I assume with this I could implement my handling as:

[tool.scikit-build]
wheel.cmake = true

[[tool.scikit-build.overrides]]
if.no-system-cmake = "known-wheel"
wheel.cmake = false

[[tool.scikit-build.overrides]]
if.failed = true
wheel.cmake = false

[[tool.scikit-build.overrides]]
if.any.env.CIBUILDWHEEL = "1"
if.any.env.CONDA_BUILD = "1"
if.any.env.PIWHEELS_BUILD = "1"
if.any.env.RAPIDFUZZ_BUILD_EXTENSION = "1"
wheel.cmake = true

# whether this is required would probably depend on
# 1) is the override above triggered both for the failure + non failure case
# 2) what does the failure handling do if the same config is set both for failure and non failure
[[tool.scikit-build.overrides]]
if.failed = true
if.any.env.CIBUILDWHEEL = "1"
if.any.env.CONDA_BUILD = "1"
if.any.env.PIWHEELS_BUILD = "1"
if.any.env.RAPIDFUZZ_BUILD_EXTENSION = "1"
error-message = "failed to build C++ Extension in a packaged build"
henryiii commented 2 months ago

I think we should make the error-message only appear if the build fails, and add a fail = true option.
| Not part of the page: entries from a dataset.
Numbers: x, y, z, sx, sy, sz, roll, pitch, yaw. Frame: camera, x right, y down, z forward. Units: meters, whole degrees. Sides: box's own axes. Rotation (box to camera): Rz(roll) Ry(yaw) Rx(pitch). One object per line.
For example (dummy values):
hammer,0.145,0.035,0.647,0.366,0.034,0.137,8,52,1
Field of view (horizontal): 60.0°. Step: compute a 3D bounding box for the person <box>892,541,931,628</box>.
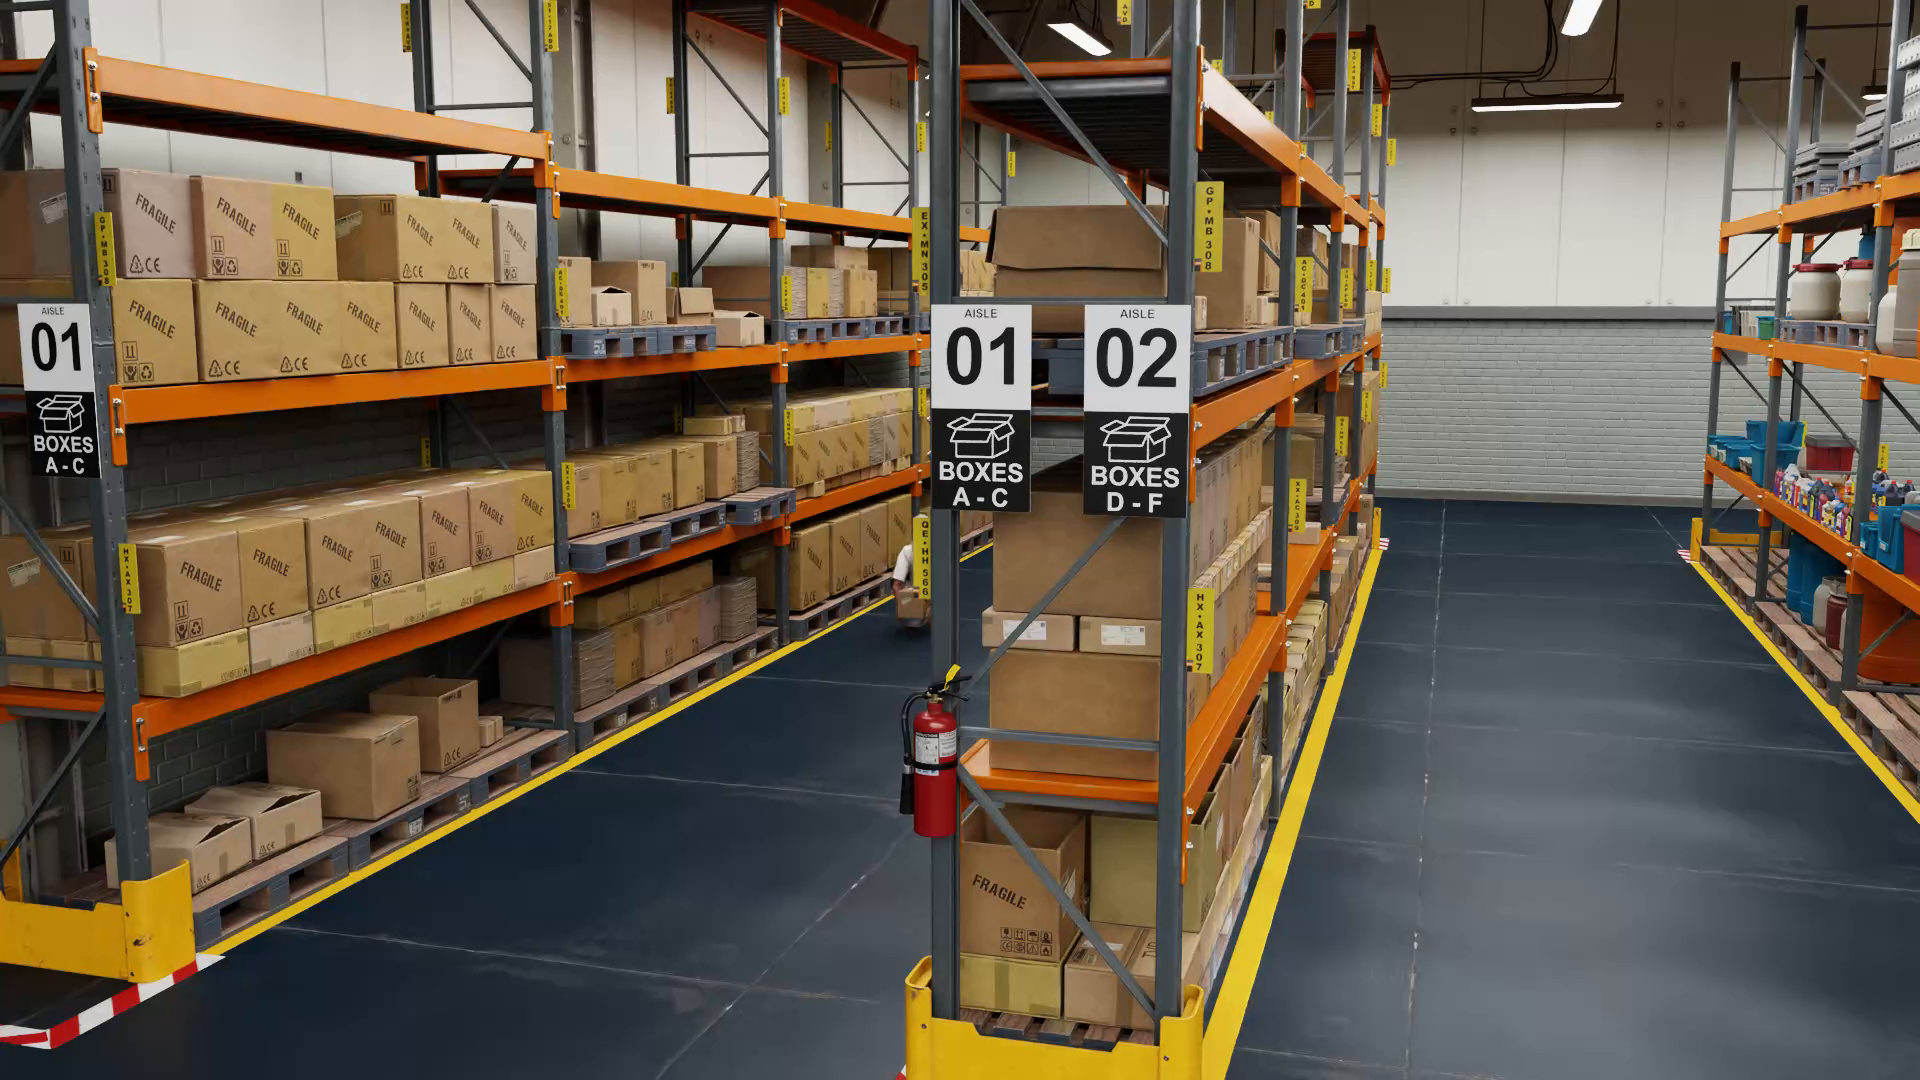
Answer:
person,-0.333,0.392,16.256,0.581,0.998,0.875,2,9,17
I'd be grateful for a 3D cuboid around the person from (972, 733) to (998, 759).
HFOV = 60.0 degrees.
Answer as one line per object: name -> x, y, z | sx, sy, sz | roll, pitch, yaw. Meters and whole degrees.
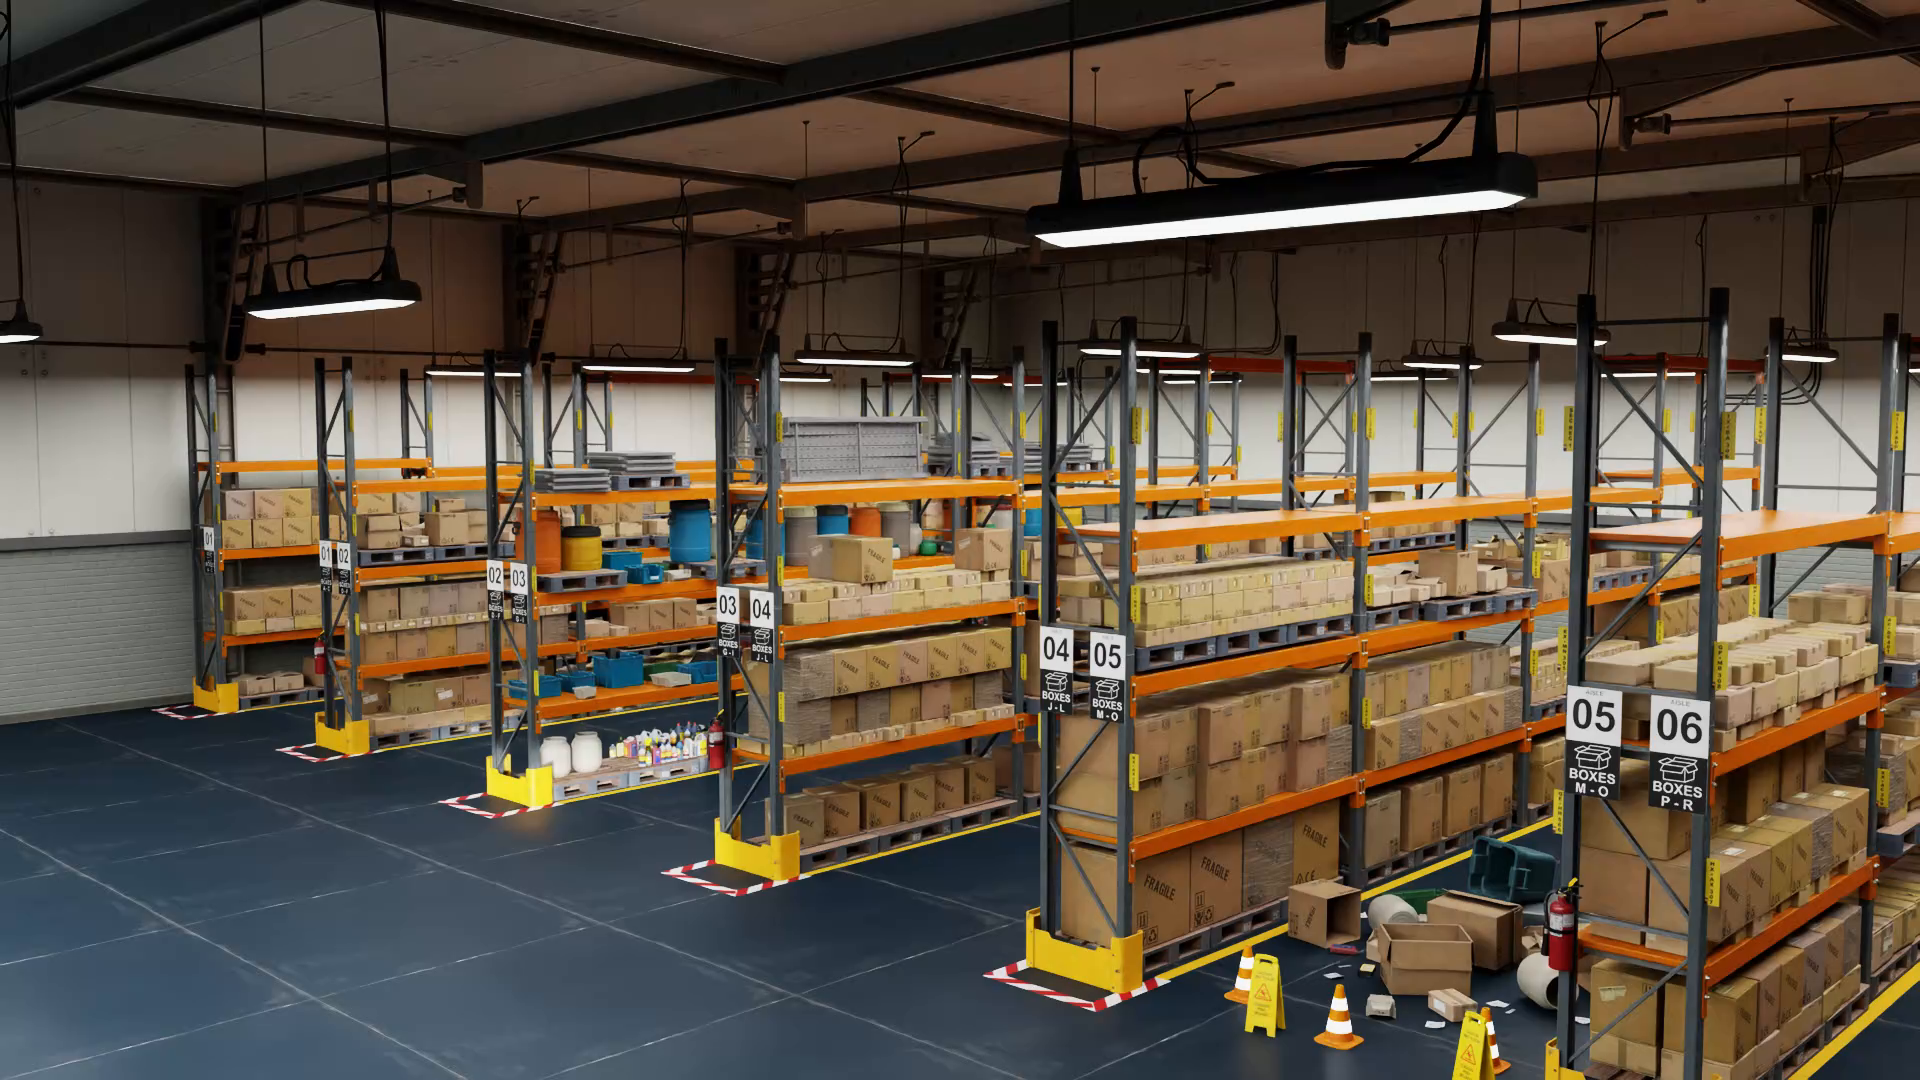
person -> 0.316, 2.417, 24.655 | 0.519, 1.837, 0.633 | -2, 5, -25

Otherwise, looks good, I think?

maxbachmann commented 2 months ago

Yes I think this would cover all of my needs and would be a lot more concise than my current implementation with scikit-build :+1:

I will start a branch porting over the existing set of features and extend it as things get added to scikit-build-core

henryiii commented 2 months ago

FYI,

if.any.env.CIBUILDWHEEL = true

Will do truthy/falsey values.

henryiii commented 2 months ago

Any ideas for better naming on if.no-system-cmake = "known-wheel"? I don't think that reads very well.

LecrisUT commented 2 months ago

No clue from my side. To me if.system-cmake reads like "did we use the cmake from system". Maybe if.cmake-vendor can be a more general form of that, although vendor sounds wrong to me here. And maybe if.have-cmake as a catch-all for if any cmake is found?

henryiii commented 2 months ago

To me if.system-cmake reads like "did we use the cmake from system".

That great, that's what it is supposed to be, except I'm not sure how to indicate the "and there's no known wheel for this platform" condition. if.no-system-cmake = "and-no-known-wheel"?

LecrisUT commented 2 months ago

To me if.(no-)system-cmake reads more like it would be a bool and would evaluate to (true)false when a wheel is used. if.have-cmake would be more explicit of no system cmake and no wheel.